Nucleic acid classification
Abstract
A method and system for classifying a target nucleic acid includes exposing, in a test system, one or more capture probes to the target nucleic acid. The one or more capture probes is attached to a surface. A first hybridization condition is established in the test system. A first degree of hybridization of the one or more capture probes with the target nucleic acid under the first hybridization condition is determined. A second hybridization condition in the test system is established. A second degree of hybridization of the one or more capture probes with the target nucleic acid under the second hybridization condition is determined and the target nucleic acid is classified by comparing the first and the second degrees of hybridization.
Claims
exact text as granted — not AI-modifiedWhat is claimed is:
1 . A method for classifying a target nucleic acid, the method comprising:
exposing, in a test system, one or more capture probes to the target nucleic acid, the one or more capture probes being attached to a surface; establishing a first hybridization condition in the test system; determining a first degree of hybridization of the one or more capture probes with the target nucleic acid under the first hybridization condition; establishing a second hybridization condition in the test system; determining a second degree of hybridization of the one or more capture probes with the target nucleic acid under the second hybridization condition; and classifying the target nucleic acid by comparing the first and the second degrees of hybridization.
2 . The method of claim 1 , wherein:
the test system comprises one or more sensors on the surface configured to measure hybridization of the one or more capture probes with the target nucleic acid.

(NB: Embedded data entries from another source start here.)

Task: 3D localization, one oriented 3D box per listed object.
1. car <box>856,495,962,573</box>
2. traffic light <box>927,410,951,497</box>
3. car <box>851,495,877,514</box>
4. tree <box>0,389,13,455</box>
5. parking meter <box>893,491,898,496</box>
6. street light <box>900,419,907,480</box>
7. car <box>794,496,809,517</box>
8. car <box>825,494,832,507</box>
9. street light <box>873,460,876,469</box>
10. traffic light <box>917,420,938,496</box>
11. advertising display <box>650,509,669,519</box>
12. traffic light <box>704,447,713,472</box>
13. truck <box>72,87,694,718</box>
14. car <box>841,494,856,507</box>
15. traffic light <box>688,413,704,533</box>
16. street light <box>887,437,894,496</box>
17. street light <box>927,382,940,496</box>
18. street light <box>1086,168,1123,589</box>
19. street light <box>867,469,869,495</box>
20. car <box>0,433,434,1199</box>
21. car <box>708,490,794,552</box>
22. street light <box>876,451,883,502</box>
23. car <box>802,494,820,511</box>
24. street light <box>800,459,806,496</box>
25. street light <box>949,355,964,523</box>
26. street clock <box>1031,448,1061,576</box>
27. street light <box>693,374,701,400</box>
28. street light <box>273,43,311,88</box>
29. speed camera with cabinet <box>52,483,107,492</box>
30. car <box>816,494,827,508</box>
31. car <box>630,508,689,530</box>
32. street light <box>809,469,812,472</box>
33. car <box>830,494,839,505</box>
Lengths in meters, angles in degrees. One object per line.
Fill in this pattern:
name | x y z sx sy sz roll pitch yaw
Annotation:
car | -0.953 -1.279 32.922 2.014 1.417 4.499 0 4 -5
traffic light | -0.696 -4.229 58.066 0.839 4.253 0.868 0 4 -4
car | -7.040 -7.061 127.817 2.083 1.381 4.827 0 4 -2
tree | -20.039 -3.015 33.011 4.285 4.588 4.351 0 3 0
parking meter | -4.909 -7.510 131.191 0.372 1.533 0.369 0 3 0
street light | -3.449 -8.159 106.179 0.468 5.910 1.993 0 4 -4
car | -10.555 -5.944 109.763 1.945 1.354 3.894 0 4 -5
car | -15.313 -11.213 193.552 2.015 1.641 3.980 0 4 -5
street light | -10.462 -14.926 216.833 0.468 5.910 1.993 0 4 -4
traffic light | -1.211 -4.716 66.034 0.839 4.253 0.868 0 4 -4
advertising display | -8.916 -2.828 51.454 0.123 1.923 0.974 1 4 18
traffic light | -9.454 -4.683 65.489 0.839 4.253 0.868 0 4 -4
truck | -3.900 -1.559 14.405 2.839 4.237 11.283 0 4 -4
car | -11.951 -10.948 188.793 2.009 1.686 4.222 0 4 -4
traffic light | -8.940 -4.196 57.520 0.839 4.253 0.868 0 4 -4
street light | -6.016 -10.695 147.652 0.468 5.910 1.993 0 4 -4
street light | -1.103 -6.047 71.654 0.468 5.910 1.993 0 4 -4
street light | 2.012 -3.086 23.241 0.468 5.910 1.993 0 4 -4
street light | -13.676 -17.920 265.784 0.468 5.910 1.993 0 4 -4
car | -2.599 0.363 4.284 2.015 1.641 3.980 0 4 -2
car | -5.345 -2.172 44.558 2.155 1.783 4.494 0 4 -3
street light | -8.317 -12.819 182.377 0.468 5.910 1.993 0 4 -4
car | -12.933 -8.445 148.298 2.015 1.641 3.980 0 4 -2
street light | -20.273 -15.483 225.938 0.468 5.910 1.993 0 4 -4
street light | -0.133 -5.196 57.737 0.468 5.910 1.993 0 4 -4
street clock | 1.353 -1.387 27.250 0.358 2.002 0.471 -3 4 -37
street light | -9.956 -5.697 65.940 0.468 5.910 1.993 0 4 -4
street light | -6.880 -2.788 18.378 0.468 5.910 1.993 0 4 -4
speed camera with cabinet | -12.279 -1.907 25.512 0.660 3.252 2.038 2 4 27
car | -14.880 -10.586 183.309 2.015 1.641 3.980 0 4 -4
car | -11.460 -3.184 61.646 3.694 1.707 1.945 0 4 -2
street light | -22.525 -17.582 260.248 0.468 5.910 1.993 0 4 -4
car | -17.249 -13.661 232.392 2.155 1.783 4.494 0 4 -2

3 . The method of claim 2 , wherein:
the sensor is a resonator array configured to measure a mass of an object on at least one surface of the resonator array; the one or more captures probes are attached to the surface of the resonator system; and determining the first and second degrees of hybridization of the one or more capture probes with the target nucleic acid comprises measuring the mass on the surface of the resonator array.
4 . The method of claim 1 , wherein:
exposing the one or more capture probes to the target nucleic acid comprises contacting the one or more capture probes with a solution containing the target nucleic acid; establishing the first hybridization condition comprises adjusting a temperature of the solution to a first temperature; and establishing the second hybridization condition comprises adjusting the temperature of the solution to a second temperature.
5 . The method of claim 1 , wherein the first hybridization condition is selected to minimize hybridization between a target nucleic acid and the one or more capture probes, and wherein the second hybridization condition is selected to favor hybridization between the target nucleic acid and the one or more capture probes.
6 . The method of claim 1 , wherein classifying the target nucleic acid comprises:
progressively adjusting one or more hybridization conditions of the test system to favor hybridization between a target nucleic acid and the one or more capture probes; after each adjustment, determining a degree of hybridization of the one or more capture probes with the target nucleic acid; and continuing to adjust the hybridization conditions until the degree of hybridization reaches a threshold degree of hybridization.
7 . The method of claim 1 , wherein the test system comprises one or more first capture probes at a first location and one or more second capture probes at a second location, and wherein classifying the target nucleic acid comprises:
progressively adjusting one or more hybridization conditions of the test system; after each adjustment, determining a respective degree of hybridization for each of the first and second locations; and determining whether the degree of hybridization at the first location reaches a threshold degree of hybridization prior to or after the degree of hybridization at the second location reaches the threshold degree of hybridization.
8 . The method of claim 1 , further comprising calibrating the test system prior to exposing the one or more capture probes to the target nucleic acid, including:
attaching one or more double stranded nucleic acid capture probes to a surface of the test system; contacting the one or more double stranded nucleic acid capture probes with a solution; progressively adjusting one or more hybridization conditions of the test system until a degree of dissociation of the double stranded nucleic acid capture probes is reached, so that the solution contains single stranded nucleic acid and single stranded nucleic acid capture probes remain on the surface; recording the one or more hybridization conditions at which the degree of dissociation of a first double stranded nucleic acid capture probes is reached, generating a single stranded nucleic acid; and removing the single stranded nucleic acid from the test system.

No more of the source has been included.